Isso aqui é só uma pequena amostra, não temos ensaios completos, e nossa resolução é baixa. Para ter acesso ao melhor conheça: Playboy - Pleasure for All
Infelizmente a Playboy Brasil não tem atualmente um site oficial. Assim, mantemos aqui pequenos trechos de edições órfas. Esperamos logo termos notícias melhores.
A história da Playboy é uma jornada de revolução cultural e adaptação. Tudo começou em 1953, quando Hugh Hefner, usando o dinheiro de um empréstimo e o brilho de Marilyn Monroe na primeira capa, lançou a revista nos EUA. Mais do que nudez, Hefner vendia o "estilo de vida Playboy": uma mistura de sofisticação, literatura de alta qualidade e entrevistas com figuras como Martin Luther King Jr.
No Brasil, a marca desembarcou em 1975 pela Editora Abril. Inicialmente chamada de A Homem devido à censura da ditadura, logo assumiu o nome original e se tornou um fenômeno. Por décadas, ser "Capa da Playboy" foi o auge do estrelato para atrizes e modelos brasileiras, com edições que batiam recordes de milhões de exemplares vendidos.
O mundo mudou e a internet transformou o consumo de conteúdo. O acesso gratuito e instantâneo tornou o modelo de bancas insustentável:
Fim do papel: A edição impressa regular brasileira encerrou-se em 2015 (com breves retornos independentes), e a americana despediu-se do papel em 2020.
Novo foco: Hoje, a Playboy renasceu como uma plataforma digital e lifestyle.
Criadores de conteúdo: O foco atual são redes sociais e plataformas exclusivas (como o Playboy Club), onde a marca atua como uma curadora de modelos e influenciadores, focando em engajamento e diversidade.
O coelhinho ainda é um ícone global, mas agora ele habita o brilho das telas, tentando equilibrar o legado de sofisticação com a rapidez da era dos algoritmos.

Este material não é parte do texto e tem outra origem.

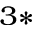Convert formula to latex. <formula><loc_0><loc_0><loc_500><loc_500>^ { 3 \ast }</formula> 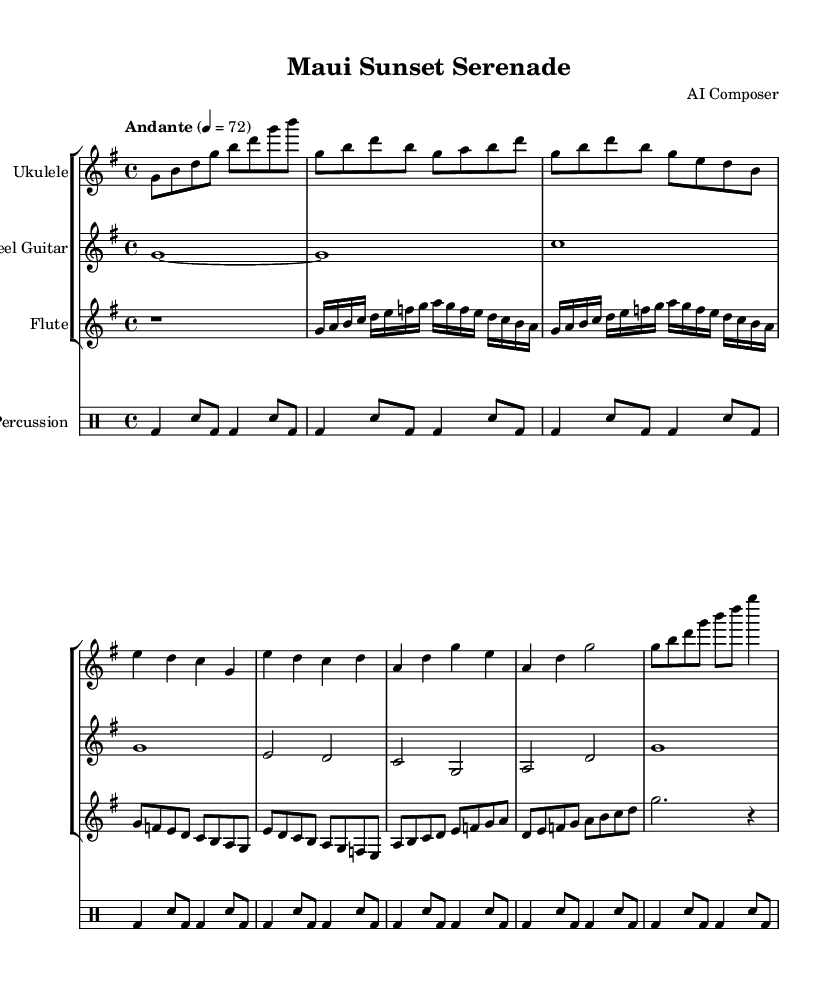What is the key signature of this music? The key signature is G major, which has one sharp (F#). This can be determined by looking at the key signature indicated at the beginning of the music, right after the clef.
Answer: G major What is the time signature of this piece? The time signature is 4/4, indicated at the beginning of the score next to the key signature. This means there are four beats in a measure, and the quarter note gets one beat.
Answer: 4/4 What is the tempo marking of this piece? The tempo marking is "Andante," which indicates a moderately slow tempo. It is located near the beginning of the score where tempo instructions are typically indicated.
Answer: Andante How many unique instruments are featured in this composition? The composition features four unique instruments: Ukulele, Steel Guitar, Flute, and Percussion. This can be observed in the score section where each instrument is identified in the staff names.
Answer: Four How many measures does the ukulele part contain? The ukulele part contains 8 measures as counted from the notation in the sheet music. Each measure is separated by vertical lines, making it easy to count.
Answer: 8 What is the duration of the first note played by the Steel Guitar? The first note played by the Steel Guitar is a whole note, lasting for four beats. This can be identified by the shape of the note and its placement in the first measure of the Steel Guitar part.
Answer: Whole note Which instrument primarily plays the melody in this piece? The flute primarily plays the melody, as it has the first melodic notes presented after the rest in the musical arrangement, showcasing more complex melodic lines.
Answer: Flute

Uma descrição como “Revista Playboy 2011 02 Dany Giehl foto 12” funciona, em geral, como um identificador de arquivo ou de referência bibliográfica/fotográfica. Ela sugere a combinação de: (1) a publicação (Playboy), (2) o ano (2011), (3) o número/edição do exemplar (02, tipicamente “nº 2” do ano ou do volume), (4) o nome associado ao conteúdo (Dany Giehl), e (5) um número de página/registro de imagem (foto 12).

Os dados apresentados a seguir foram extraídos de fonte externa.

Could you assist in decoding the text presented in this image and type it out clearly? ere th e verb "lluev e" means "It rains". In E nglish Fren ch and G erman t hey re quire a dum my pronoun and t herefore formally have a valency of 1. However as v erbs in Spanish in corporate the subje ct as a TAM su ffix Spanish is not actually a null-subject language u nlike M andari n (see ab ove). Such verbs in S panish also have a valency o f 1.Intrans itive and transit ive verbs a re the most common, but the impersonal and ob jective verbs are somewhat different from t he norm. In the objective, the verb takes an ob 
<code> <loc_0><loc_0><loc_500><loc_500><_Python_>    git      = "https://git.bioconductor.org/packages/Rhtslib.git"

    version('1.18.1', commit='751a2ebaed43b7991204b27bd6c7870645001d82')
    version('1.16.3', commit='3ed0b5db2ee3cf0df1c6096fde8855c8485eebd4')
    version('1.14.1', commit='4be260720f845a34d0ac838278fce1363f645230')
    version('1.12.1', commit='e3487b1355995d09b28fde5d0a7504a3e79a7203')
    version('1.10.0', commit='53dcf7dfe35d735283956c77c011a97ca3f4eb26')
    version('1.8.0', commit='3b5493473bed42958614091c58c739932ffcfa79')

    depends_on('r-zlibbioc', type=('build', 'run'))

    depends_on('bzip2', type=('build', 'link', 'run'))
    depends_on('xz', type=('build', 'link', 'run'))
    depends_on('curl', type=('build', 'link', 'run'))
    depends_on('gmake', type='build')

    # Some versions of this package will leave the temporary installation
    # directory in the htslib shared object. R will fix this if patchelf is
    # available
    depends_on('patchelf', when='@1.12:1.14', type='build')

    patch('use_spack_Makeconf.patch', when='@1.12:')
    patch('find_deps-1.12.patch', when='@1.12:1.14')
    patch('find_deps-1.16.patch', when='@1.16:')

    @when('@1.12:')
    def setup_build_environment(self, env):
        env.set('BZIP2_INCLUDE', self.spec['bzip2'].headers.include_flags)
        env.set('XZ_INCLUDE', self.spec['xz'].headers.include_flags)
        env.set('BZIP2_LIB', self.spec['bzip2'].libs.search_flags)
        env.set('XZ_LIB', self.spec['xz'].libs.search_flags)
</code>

No nível enciclopédico, isso costuma indicar que a página do periódico contém uma fotografia atribuída a “Dany Giehl” e que essa fotografia está catalogada como o item “12” dentro daquele conjunto de imagens.
Sobre quem pode ser “Dany Giehl”: pelo uso do nome na referência, “Dany Giehl” aparenta ser a pessoa retratada ou a modelo creditada naquela edição específica. Sem acesso a uma base de dados externa nesta conversa, não é possível confirmar detalhes biográficos (como idade, nacionalidade, profissão ou carreira) com precisão. Em termos descritivos, portanto, a pessoa deve ser entendida como a modelo ou pessoa fotografada creditada na referida página.
Partes do corpo humano: a descrição fornecida não informa o conteúdo visual (pose, vestimenta, enquadramento ou anatomia específica). Assim, não é apropriado inferir ou listar partes do corpo que apareçam na fotografia apenas com base no identificador textual.
Resumo: trata-se de uma referência de edição/página/registro para uma fotografia na revista Playboy, de 2011, edição 02, associada ao nome Dany Giehl, sendo a imagem catalogada como foto 12. A pessoa citada é, por inferência, a modelo retratada nessa fotografia; o conteúdo corporal exato não pode ser determinado a partir do texto.